Content starts
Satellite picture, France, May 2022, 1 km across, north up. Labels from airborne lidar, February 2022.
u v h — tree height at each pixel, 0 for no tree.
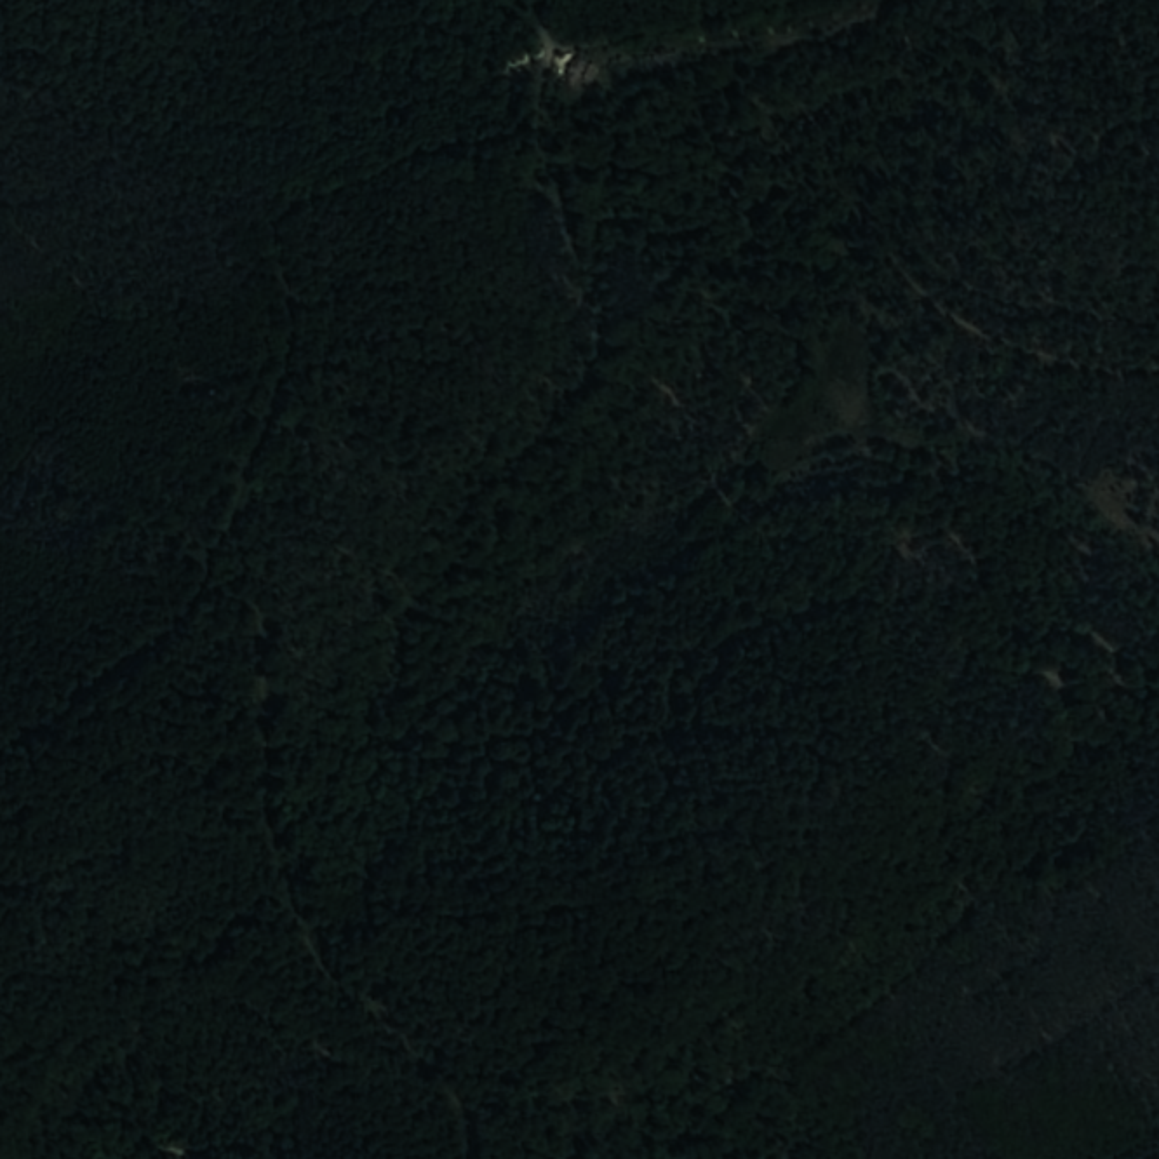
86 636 14
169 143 31
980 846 28
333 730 29
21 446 17
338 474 19
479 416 15
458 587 28
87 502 13
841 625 25
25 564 22
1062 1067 19
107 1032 31
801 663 28
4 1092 30
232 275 24
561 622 8
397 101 27
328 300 21
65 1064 31
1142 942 21
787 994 24
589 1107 25
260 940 31
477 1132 26
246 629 24
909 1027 19
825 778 26
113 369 24
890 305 36
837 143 38
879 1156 20
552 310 10
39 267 23
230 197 16
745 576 27
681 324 36
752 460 9
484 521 23
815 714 28
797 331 31
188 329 22
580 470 29
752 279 31
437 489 27
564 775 35
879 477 12
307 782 30
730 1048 27
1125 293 20
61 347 21
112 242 25
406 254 25
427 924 30
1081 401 11
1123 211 23
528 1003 28
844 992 24
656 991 29
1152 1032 20
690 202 34
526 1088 27
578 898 29
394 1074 28
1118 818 29
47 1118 33
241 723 30
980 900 14
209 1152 26
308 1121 25
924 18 26
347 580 14
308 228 19
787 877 12
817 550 23
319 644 13
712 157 12
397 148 25
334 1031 26
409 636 23
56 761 31
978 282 8
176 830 23
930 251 29
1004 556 29
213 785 25
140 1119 25
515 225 27
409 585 30
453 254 24
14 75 20
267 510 13
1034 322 25
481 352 22
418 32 29
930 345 28
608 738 32
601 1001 28
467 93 25
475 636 29
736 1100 32
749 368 30
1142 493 11
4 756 24
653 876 24
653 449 25
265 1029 21
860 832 24
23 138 26
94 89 28
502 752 36
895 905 26
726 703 30
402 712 28
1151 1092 20
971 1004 20
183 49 23
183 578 17
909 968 15
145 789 21
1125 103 18
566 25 17
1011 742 21
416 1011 26
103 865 22
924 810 27
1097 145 7
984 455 27
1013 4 25
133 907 20
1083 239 25
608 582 6
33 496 17
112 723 29
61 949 23
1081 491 26
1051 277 26
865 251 38
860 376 0
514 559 26
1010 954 21
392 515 15
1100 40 23
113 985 29
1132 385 14
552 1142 25
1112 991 19
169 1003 28
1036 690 25
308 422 20
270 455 16
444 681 38
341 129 26
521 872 29
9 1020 27
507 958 27
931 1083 23
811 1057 23
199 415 18
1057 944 19
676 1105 32
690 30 15
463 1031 30
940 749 20
Content ends
#### What the task asks:
Give the data again exactly, image-free.

#### Exercise answer:
Satellite picture, France, May 2022, 1 km across, north up. Labels from airborne lidar, February 2022.
u v h — tree height at each pixel, 0 for no tree.
86 636 14
169 143 31
980 846 28
333 730 29
21 446 17
338 474 19
479 416 15
458 587 28
87 502 13
841 625 25
25 564 22
1062 1067 19
107 1032 31
801 663 28
4 1092 30
232 275 24
561 622 8
397 101 27
328 300 21
65 1064 31
1142 942 21
787 994 24
589 1107 25
260 940 31
477 1132 26
246 629 24
909 1027 19
825 778 26
113 369 24
890 305 36
837 143 38
879 1156 20
552 310 10
39 267 23
230 197 16
745 576 27
681 324 36
752 460 9
484 521 23
815 714 28
797 331 31
188 329 22
580 470 29
752 279 31
437 489 27
564 775 35
879 477 12
307 782 30
730 1048 27
1125 293 20
61 347 21
112 242 25
406 254 25
427 924 30
1081 401 11
1123 211 23
528 1003 28
844 992 24
656 991 29
1152 1032 20
690 202 34
526 1088 27
578 898 29
394 1074 28
1118 818 29
47 1118 33
241 723 30
980 900 14
209 1152 26
308 1121 25
924 18 26
347 580 14
308 228 19
787 877 12
817 550 23
319 644 13
712 157 12
397 148 25
334 1031 26
409 636 23
56 761 31
978 282 8
176 830 23
930 251 29
1004 556 29
213 785 25
140 1119 25
515 225 27
409 585 30
453 254 24
14 75 20
267 510 13
1034 322 25
481 352 22
418 32 29
930 345 28
608 738 32
601 1001 28
467 93 25
475 636 29
736 1100 32
749 368 30
1142 493 11
4 756 24
653 876 24
653 449 25
265 1029 21
860 832 24
23 138 26
94 89 28
502 752 36
895 905 26
726 703 30
402 712 28
1151 1092 20
971 1004 20
183 49 23
183 578 17
909 968 15
145 789 21
1125 103 18
566 25 17
1011 742 21
416 1011 26
103 865 22
924 810 27
1097 145 7
984 455 27
1013 4 25
133 907 20
1083 239 25
608 582 6
33 496 17
112 723 29
61 949 23
1081 491 26
1051 277 26
865 251 38
860 376 0
514 559 26
1010 954 21
392 515 15
1100 40 23
113 985 29
1132 385 14
552 1142 25
1112 991 19
169 1003 28
1036 690 25
308 422 20
270 455 16
444 681 38
341 129 26
521 872 29
9 1020 27
507 958 27
931 1083 23
811 1057 23
199 415 18
1057 944 19
676 1105 32
690 30 15
463 1031 30
940 749 20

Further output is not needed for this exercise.